ItemBeforeAfterReduction
docs/ active files2,35040483%
docs/todo/2153385%
docs/mobile/91693%
Git worktrees31255MB freed
Git branches1165 deleted
Debug/temp files140All deleted

Nothing was deleted permanently. Everything was moved to docs/archive/. Git history also preserves them, so restoration is possible at any time.


Lessons Learned

1. Documents Need the Same Lifecycle Management as Code

Code gets refactored while documents are neglected. Documents kept with the thought “I might reference this later” accumulate to thousands within a year. At least once per quarter, run find docs -name "*.md" -mtime +90 to audit files abandoned for 3+ months.

2. Delete Debug Records Immediately After Issue Resolution

Files like DEBUG_AUTH.md, TOKEN_MISMATCH_DIAGNOSIS.md should be deleted right after the problem is solved. The worry “what if a similar problem occurs?” is resolved by Git history.

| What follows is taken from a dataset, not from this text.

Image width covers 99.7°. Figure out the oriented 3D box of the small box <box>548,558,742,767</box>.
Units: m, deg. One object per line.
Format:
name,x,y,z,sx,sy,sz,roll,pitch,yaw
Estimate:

3. Add Expiry Dates to Completion Documents

Leaving snapshots at completion time like PHASE_4_COMPLETION_SUMMARY.md is good. But if you add metadata at creation time like “this document is archive-eligible after YYYY-MM-DD,” it can be automated later.

4. Date-Based Archiving Is the Safest

Rather than reading and judging content one by one, checking modification dates with stat and batch archiving files older than 3 months is far more efficient. Even if a needed file is accidentally moved, it can be found in the archive.

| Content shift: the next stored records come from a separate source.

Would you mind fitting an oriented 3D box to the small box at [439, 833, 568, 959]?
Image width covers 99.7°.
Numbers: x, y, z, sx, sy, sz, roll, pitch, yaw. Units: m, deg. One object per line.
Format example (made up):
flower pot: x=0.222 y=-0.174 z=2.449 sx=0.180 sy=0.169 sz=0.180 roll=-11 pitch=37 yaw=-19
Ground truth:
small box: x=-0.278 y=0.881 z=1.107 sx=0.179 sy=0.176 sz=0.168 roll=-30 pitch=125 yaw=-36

5. Catch Duplicates Immediately

When API_CONTRACT.md exists in 3 places, nobody knows which is the canonical version. Designate one canonical location and delete the rest. The thought “let me copy it here for convenience” creates confusion 6 months later.


Automation Ideas

To avoid repeating this work, a simple script can be created:

#!/bin/bash
# docs-health-check.sh
echo "=== Document Health Check ==="
echo "Total: $(find docs -name '*.md' -not -path '*/archive/*' | wc -l) files"
echo ""
echo "Abandoned for 3+ months:"
find docs -name "*.md" -not -path "*/archive/*" -type f | while read f; do
  mod_date=$(stat -f "%Sm" -t "%Y%m%d" "$f")
  cutoff=$(date -v-3m "+%Y%m%d")
  [[ "$mod_date" < "$cutoff" ]] && echo "  $f ($mod_date)"
done | head -20
echo ""
echo "Duplicate filenames:"
find docs -name "*.md" -not -path "*/archive/*" | xargs -I{} basename {} | sort | uniq -d

Running this script quarterly can prevent document bloat.